Thanks for your comments. Yes, Teneyes, the bus setup and the trigger setup are good. My 115200 baud tests use a 1000-byte stream, output at full rate i.e. there is only approx 2 usec from the end of a stop bit to the beginning of the next start bit. The waveform quality and timing is excellent. I have tested different memory sizes, starting with a fast time/div setting, and repeating with slower time/div until it fails. Here are simple results:
Memory = 1.4MB
Works at 2msec/div, 5msec/div (probably also at shorter rates).
Fails at 10, 20, 50, ... ms/div
Memory = 14MB
Works at 2msec/div, 5msec/div (probably also at shorter rates).
Fails at 10, 20, 50, ... ms/div
Memory = 140MB
Works at 2msec/div, 5msec/div, 10msec/div, 20msec/div (probably also at shorter rates).
Fails at 50, 100 ... ms/div
Obviously, as the time/div goes up, the sampling rate decreases, for a given memory size. But the sampling rates at which it works and at which it fails are not consistent across the different memory sizes. I really can't see the logic behind the failures.
Maybe it's something to do with their algorithm. Certainly its fast, only taking 2-3 seconds (although panning back and forward is painful). My Tektronix MSO4034 takes nearly a minute to decode 10MB of memory, but it works every time, every setting, no problem.

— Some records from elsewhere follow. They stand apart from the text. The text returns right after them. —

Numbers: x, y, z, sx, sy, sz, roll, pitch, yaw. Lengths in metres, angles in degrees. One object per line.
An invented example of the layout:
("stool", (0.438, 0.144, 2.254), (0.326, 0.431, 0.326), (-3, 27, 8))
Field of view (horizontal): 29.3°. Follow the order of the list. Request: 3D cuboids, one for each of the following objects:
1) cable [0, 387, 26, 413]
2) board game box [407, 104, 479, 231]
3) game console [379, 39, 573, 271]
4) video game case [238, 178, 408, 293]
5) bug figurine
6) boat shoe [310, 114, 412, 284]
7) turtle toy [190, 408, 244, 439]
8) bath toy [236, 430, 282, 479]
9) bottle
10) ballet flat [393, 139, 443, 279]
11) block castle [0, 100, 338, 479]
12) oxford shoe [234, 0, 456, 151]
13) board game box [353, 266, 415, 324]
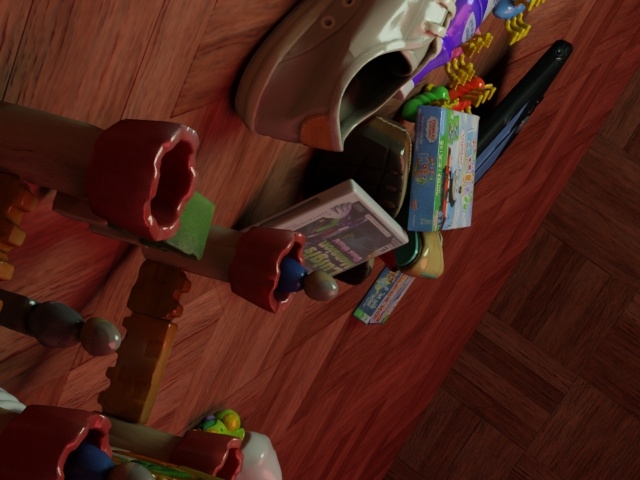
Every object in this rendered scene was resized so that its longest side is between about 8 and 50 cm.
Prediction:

Another gripe: Trying to set a USER baud rate is a lost cause on this scope. The numbers change nice and smoothly for a while, then suddenly jump wildly, by hundreds-to-thousands of counts. Turning the knob backwards a little (if the numbers had jumped forward) will often produce a jump back to near the value that you were at when the first jump occurred. Or not!